Wednesday, July 30, 2008
What I like about you......
The Girls were in rare form today.....More meltdowns than if we had 8 toddlers!
When we got back from Therapy, I had the girls get ready for bed and we were having a family meeting in the living room.....After a long period of time, we met back in the living room. Marie said that she was feeling very sad today and asked if we could do the "Five Things" game.
The "Five Things" Game is where each person writes down five positive things about all of the other members of the family. The rules are they can't be non specific things like "she is a good person", it can't be something like "it is funny when she/he farts" or anything else that is really a put down and it can't be a physical attribute. Tonight, I added a twist. They also had to list five good things about themselves.

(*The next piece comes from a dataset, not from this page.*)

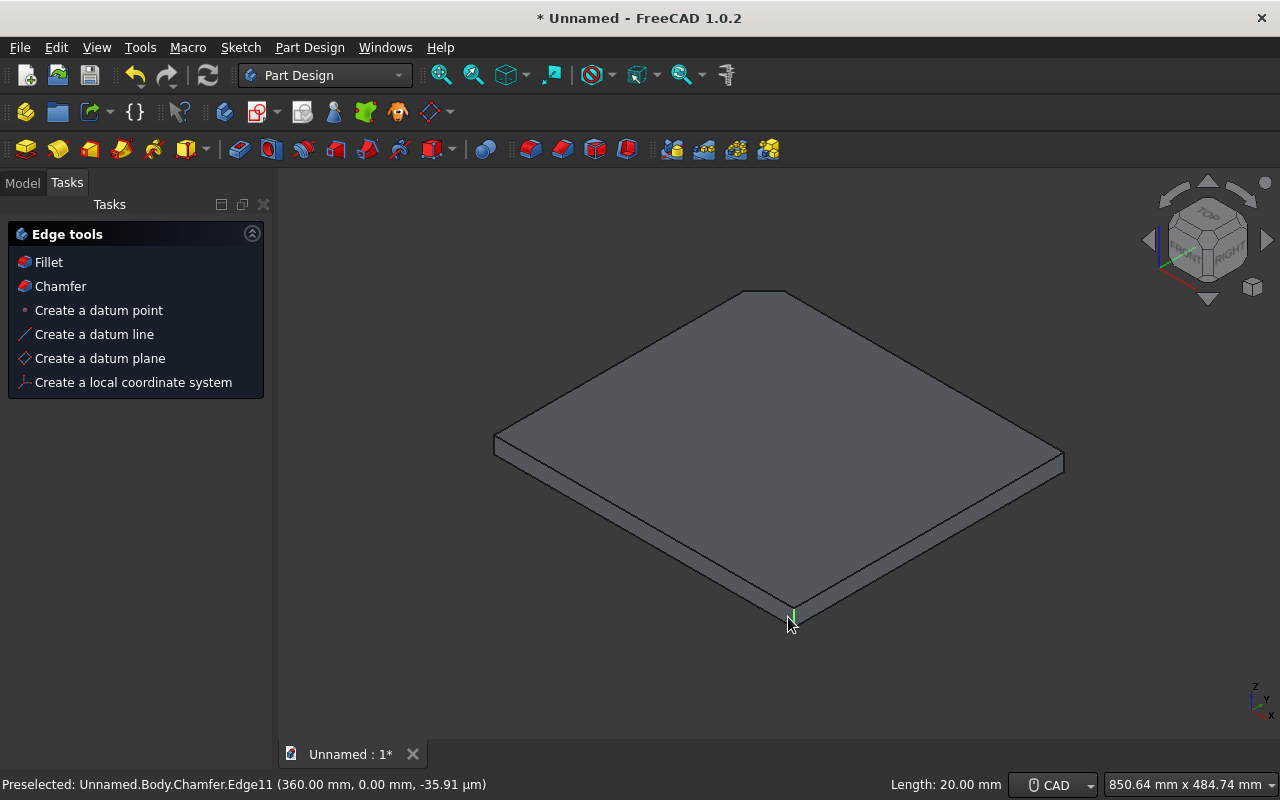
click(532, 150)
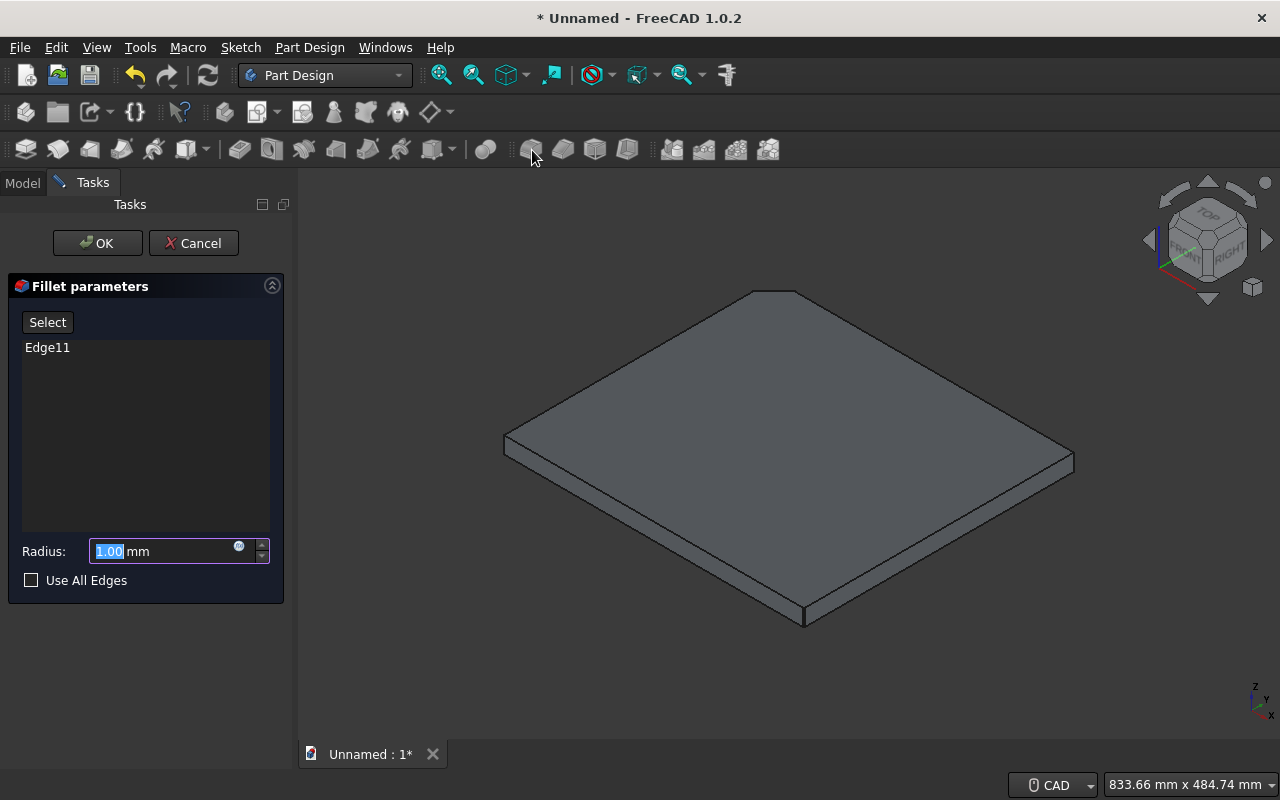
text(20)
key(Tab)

Marie is very quick and always proud of her answers. When we do this exercise she is quick with her answers and they are always good things. I enjoy the fact that she gets into this stuff. She loves to contribute to our family in a positive way.....She loves to give and receive compliments. Which is just really a joy!
Rose really struggles with this entire exercise. Which is very telling as to where her mind and heart are at this point. She has no self esteem or any sense of self worth which led to her having a very difficult time with giving and receiving compliments. It breaks my heart to watch her struggle with a seemingly simple way to bond as a family....
Even with Rose's struggles, it still remains a very fruitful exercise. It is a break from the seemingly endless train of tantrums and rude comments. We all get the opportunity to sit down and remember the wonderful things we all bring to the table. It is a way for us to feel good about ourselves and to feel good about our fellow family members. Yay me for the idea!
During therapy today, Rose's therapist said we are really doing everything that we can do to help her, it comes down to her willingness to get better. She really isn't there yet.....But on the bright side....her therapist is young and said she will be around for many years.....HAHAHA.....so we have years to deal with this stuff.....it felt good to know that someone else thought we were doing the right things.....It always makes me happy to know that the issue remains on Rose's end and it isn't our lack of parenting skills. We just continue to pray that she has the "Eureka" moment and we can collectively begin to heal as a family.
My husband and I truly enjoy our time alone when the girls go to bed. It is our saving grace. We are so blessed that we have this time alone to enjoy each other and share our quiet times together. I am truly thankful that we have each other on this journey. It is a great comfort to know that we are stuck here together for this grand adventure!